At this time, node 4, because there is no other reference to it, it is recycled by the garbage collection mechanism, and the deletion of node 4 is completed.
Continue to use code to simulate, add a new node deletion method:
// 删除结点
public void delete(int no) {
HeroNode temp = headNode;
boolean flag = false; // 标记是否找到待删除的结点的前一个结点
while (true) {
if (temp.next == null) {
break;
}
if (temp.next.no == no) {
// 找到待删除结点的前一个结点
flag = true;
break;
}
temp = temp.next; // temp后移操作
}
if (flag) {
temp.next = temp.next.next;
} else {
System.out.printf("要删除的结点%d 不存在
", no);
}
}
Test deletion, I deleted the 1 and 4 at the beginning and the end.
删除后的链表:
HeroNode{no=2, name='李青', nickname='瞎子'}
HeroNode{no=3, name='艾希', nickname='寒冰射手'}
Process finished with exit code 0
I delete all the nodes in the linked list:
删除后的链表:
链表为空
Process finished with exit code 0
The results of the two cases are in line with expectations.
Three, the advantages and disadvantages of singly linked list structure and sequential storage structure
- The
time complexity of looking up a singly linked list is O(n), while the sequential storage structure is O(1), which is more advantageous. - Insertion and deletion of
sequential structure requires moving half of the elements of the table on average, and the time complexity is 0(n).
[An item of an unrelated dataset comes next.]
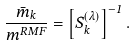Convert formula to latex. <formula><loc_0><loc_0><loc_500><loc_500>\frac { { \bar { m } } _ { k } } { m ^ { R M F } } = \left [ S _ { k } ^ { ( \lambda ) } \right ] ^ { - 1 } .</formula> 
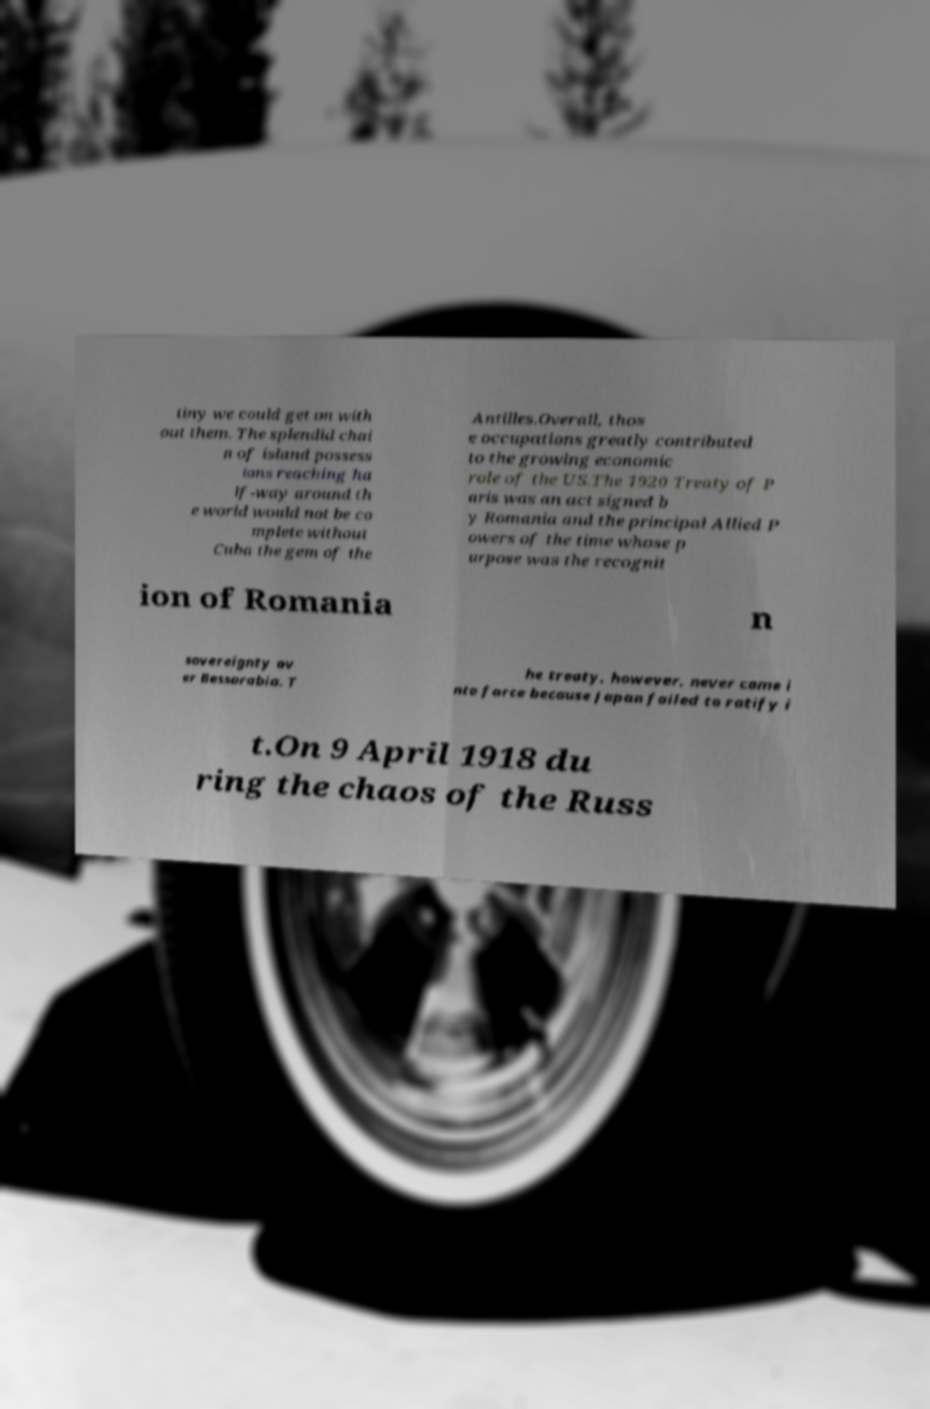Please identify and transcribe the text found in this image. tiny we could get on with out them. The splendid chai n of island possess ions reaching ha lf-way around th e world would not be co mplete without Cuba the gem of the Antilles.Overall, thos e occupations greatly contributed to the growing economic role of the US.The 1920 Treaty of P aris was an act signed b y Romania and the principal Allied P owers of the time whose p urpose was the recognit ion of Romania n sovereignty ov er Bessarabia. T he treaty, however, never came i nto force because Japan failed to ratify i t.On 9 April 1918 du ring the chaos of the Russ

After the singly linked list finds the target position, the time complexity of insert and delete operations is O(1), which is more efficient.
There is no perfect solution, and all have their own advantages, so the specifics still have to be determined according to actual needs.
For example, the requirement is high-frequency search, with few additions and deletions, and the sequential structure is more suitable. On the contrary, the singly linked list structure is more appropriate.